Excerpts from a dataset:
● ● ● ● ● ● ●

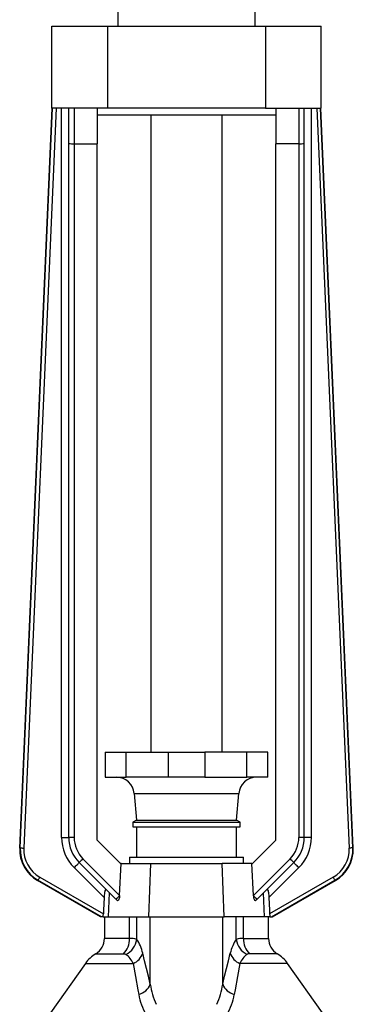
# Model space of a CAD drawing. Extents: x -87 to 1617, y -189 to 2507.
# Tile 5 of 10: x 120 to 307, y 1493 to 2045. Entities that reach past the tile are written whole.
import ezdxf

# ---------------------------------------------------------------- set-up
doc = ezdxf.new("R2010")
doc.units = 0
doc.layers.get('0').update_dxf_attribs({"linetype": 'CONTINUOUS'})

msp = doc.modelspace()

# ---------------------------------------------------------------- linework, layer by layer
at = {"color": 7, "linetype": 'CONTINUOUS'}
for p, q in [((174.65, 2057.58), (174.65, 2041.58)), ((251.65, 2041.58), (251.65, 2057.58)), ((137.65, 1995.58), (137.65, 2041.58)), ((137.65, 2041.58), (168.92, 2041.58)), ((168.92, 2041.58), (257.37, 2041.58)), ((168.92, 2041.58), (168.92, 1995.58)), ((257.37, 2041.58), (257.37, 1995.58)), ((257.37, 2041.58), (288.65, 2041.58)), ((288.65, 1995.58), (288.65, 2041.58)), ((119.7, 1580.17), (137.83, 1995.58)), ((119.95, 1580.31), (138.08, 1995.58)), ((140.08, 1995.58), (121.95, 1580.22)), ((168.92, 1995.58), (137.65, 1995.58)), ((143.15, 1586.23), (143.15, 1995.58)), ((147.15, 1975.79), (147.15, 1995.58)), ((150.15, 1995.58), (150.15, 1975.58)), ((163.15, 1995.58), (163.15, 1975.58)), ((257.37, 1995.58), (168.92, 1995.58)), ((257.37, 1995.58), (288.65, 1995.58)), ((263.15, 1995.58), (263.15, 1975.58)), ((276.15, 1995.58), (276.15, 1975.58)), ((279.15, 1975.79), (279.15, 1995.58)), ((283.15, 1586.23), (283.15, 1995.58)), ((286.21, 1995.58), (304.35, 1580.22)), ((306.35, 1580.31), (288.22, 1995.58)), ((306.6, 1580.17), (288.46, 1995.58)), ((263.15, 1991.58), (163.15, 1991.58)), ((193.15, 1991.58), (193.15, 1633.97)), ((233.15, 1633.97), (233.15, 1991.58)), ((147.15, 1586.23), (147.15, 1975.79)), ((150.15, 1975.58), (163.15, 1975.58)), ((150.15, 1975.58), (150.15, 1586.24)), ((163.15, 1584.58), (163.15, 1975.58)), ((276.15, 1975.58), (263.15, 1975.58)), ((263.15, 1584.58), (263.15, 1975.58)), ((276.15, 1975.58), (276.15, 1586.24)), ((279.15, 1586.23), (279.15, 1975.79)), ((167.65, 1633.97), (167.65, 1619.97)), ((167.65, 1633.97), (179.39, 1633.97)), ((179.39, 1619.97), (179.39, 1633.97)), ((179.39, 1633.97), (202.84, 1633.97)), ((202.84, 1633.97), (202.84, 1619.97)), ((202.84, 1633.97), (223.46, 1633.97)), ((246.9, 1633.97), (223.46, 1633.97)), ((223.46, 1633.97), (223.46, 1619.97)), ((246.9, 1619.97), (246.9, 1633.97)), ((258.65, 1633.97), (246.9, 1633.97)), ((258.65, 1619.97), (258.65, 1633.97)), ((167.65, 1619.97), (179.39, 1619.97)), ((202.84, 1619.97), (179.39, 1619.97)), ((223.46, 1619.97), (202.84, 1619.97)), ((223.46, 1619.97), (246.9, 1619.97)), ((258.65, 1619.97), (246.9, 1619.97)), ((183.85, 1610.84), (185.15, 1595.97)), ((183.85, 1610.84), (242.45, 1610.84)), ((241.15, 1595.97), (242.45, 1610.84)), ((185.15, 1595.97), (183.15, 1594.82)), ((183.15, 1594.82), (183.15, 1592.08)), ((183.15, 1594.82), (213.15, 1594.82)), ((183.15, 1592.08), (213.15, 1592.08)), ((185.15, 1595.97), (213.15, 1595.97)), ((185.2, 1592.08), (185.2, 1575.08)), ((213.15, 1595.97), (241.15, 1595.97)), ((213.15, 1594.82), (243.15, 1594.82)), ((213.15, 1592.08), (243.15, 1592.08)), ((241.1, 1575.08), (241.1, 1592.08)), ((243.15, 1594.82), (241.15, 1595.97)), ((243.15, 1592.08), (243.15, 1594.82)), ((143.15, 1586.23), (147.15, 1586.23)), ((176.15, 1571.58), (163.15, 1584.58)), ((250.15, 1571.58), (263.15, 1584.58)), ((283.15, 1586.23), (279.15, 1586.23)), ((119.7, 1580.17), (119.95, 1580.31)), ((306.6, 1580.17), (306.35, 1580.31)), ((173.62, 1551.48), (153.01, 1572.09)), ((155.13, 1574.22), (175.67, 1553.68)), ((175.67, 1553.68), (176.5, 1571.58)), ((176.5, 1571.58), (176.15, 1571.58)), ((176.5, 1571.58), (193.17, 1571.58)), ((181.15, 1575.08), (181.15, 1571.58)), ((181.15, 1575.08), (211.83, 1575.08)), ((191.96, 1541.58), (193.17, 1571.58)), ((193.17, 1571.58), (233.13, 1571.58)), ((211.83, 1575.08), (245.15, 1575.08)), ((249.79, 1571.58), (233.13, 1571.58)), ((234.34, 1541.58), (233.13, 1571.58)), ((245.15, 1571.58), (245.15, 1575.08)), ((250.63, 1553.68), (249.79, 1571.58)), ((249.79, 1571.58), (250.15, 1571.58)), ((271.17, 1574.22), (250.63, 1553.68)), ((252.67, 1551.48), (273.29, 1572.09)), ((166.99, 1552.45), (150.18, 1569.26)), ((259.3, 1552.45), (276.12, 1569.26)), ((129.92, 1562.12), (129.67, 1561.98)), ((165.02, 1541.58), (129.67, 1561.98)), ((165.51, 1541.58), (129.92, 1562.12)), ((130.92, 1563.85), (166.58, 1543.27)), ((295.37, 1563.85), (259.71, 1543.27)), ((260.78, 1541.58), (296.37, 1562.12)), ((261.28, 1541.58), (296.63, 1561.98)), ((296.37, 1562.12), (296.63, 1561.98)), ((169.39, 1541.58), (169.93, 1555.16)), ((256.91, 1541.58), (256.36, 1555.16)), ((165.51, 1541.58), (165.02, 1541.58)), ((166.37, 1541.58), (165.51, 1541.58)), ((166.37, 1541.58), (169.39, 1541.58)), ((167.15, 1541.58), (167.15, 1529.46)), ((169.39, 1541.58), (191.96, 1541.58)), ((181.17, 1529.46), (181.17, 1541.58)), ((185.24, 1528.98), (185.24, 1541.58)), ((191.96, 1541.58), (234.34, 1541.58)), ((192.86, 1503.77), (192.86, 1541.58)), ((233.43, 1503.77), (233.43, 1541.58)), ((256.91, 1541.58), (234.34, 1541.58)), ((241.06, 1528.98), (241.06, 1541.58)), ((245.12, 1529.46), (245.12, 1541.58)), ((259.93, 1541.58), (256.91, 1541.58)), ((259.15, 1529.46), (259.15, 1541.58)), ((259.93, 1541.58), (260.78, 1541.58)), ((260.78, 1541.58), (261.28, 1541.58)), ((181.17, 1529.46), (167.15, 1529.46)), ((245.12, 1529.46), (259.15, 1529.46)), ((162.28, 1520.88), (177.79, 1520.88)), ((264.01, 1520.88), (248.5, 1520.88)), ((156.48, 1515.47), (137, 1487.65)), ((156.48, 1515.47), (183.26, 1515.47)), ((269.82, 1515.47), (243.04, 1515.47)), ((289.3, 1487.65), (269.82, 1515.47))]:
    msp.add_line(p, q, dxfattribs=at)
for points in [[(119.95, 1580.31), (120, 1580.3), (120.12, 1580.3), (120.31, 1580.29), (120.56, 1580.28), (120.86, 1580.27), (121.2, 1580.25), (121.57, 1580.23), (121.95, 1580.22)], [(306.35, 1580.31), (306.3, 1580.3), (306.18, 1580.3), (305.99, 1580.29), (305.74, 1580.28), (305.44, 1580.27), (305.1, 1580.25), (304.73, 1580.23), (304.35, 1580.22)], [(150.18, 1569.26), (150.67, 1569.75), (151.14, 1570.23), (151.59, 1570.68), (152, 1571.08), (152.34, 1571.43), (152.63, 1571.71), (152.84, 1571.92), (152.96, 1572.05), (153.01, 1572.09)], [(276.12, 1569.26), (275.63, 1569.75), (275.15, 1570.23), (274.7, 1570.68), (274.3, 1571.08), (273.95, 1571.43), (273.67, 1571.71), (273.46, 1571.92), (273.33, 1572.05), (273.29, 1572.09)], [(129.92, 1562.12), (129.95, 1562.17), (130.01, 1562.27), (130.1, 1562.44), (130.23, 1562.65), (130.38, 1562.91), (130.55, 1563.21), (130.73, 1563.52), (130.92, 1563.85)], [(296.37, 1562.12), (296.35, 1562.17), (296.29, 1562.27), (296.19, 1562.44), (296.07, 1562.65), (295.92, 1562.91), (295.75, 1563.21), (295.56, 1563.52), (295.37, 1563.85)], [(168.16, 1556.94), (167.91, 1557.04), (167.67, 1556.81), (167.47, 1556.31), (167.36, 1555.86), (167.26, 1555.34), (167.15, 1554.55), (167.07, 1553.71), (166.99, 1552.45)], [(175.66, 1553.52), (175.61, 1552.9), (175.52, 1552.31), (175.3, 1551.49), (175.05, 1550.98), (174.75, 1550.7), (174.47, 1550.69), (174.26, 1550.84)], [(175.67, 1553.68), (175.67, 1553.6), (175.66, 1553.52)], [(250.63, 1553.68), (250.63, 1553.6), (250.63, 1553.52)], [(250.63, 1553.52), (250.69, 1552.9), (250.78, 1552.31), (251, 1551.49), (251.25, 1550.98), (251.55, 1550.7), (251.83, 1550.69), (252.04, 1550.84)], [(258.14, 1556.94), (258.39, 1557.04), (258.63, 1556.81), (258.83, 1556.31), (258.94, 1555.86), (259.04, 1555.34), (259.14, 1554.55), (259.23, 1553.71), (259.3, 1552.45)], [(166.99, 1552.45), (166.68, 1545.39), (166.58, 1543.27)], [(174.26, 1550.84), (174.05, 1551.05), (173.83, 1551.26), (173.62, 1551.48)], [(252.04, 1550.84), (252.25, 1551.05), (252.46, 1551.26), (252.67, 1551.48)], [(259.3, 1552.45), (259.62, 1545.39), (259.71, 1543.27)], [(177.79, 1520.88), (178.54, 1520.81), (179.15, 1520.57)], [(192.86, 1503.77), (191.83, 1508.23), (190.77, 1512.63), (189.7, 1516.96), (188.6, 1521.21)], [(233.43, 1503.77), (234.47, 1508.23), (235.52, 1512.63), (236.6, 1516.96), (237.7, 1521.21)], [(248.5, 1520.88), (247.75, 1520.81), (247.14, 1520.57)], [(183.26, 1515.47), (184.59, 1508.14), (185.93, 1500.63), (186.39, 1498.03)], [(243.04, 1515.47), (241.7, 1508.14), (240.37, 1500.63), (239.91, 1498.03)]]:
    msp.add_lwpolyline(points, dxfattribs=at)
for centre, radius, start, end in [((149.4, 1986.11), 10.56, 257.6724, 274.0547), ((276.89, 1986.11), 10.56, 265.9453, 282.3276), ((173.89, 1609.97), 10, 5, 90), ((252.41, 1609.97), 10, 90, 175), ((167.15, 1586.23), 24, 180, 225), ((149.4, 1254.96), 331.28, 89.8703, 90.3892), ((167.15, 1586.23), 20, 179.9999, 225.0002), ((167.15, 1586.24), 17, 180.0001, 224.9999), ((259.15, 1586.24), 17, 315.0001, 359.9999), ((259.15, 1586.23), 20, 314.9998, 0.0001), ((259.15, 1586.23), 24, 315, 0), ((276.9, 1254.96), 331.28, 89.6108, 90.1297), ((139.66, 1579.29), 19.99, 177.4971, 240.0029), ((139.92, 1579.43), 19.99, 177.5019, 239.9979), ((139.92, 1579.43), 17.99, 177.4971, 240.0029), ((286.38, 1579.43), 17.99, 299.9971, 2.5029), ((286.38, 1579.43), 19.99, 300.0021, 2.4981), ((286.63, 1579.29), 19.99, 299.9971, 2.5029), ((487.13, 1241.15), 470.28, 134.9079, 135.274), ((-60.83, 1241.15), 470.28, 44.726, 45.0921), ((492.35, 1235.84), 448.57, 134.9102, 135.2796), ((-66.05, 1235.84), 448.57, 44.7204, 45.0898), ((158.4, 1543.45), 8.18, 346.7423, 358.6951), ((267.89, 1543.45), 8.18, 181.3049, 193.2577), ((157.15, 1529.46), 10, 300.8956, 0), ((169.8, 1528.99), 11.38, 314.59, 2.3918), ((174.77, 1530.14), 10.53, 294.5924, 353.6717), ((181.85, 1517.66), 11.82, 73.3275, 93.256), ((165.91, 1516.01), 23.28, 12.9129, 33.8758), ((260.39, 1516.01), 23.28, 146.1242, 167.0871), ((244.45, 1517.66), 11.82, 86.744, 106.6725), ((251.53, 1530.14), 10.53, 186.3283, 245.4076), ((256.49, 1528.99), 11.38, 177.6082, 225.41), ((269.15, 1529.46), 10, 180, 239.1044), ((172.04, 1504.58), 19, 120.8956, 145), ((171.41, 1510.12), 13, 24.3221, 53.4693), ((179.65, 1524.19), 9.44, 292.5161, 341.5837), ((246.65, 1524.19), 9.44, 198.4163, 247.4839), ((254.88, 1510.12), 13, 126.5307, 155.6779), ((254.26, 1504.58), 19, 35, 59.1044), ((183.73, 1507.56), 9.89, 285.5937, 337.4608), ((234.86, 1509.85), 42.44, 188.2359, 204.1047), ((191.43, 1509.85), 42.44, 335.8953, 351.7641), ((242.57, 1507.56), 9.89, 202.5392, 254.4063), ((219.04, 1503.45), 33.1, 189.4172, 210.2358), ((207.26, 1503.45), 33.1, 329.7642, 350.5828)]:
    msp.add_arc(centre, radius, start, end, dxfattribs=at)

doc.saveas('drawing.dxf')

● ● ● ● ● ● ●

--- Action item ---
Take the records above from their first line through the line with "layer by layer" and set those lines down word for word, minus the pictures.

--- Written solution ---
# Model space of a CAD drawing. Extents: x -87 to 1617, y -189 to 2507.
# Tile 5 of 10: x 120 to 307, y 1493 to 2045. Entities that reach past the tile are written whole.
import ezdxf

# ---------------------------------------------------------------- set-up
doc = ezdxf.new("R2010")
doc.units = 0
doc.layers.get('0').update_dxf_attribs({"linetype": 'CONTINUOUS'})

msp = doc.modelspace()

# ---------------------------------------------------------------- linework, layer by layer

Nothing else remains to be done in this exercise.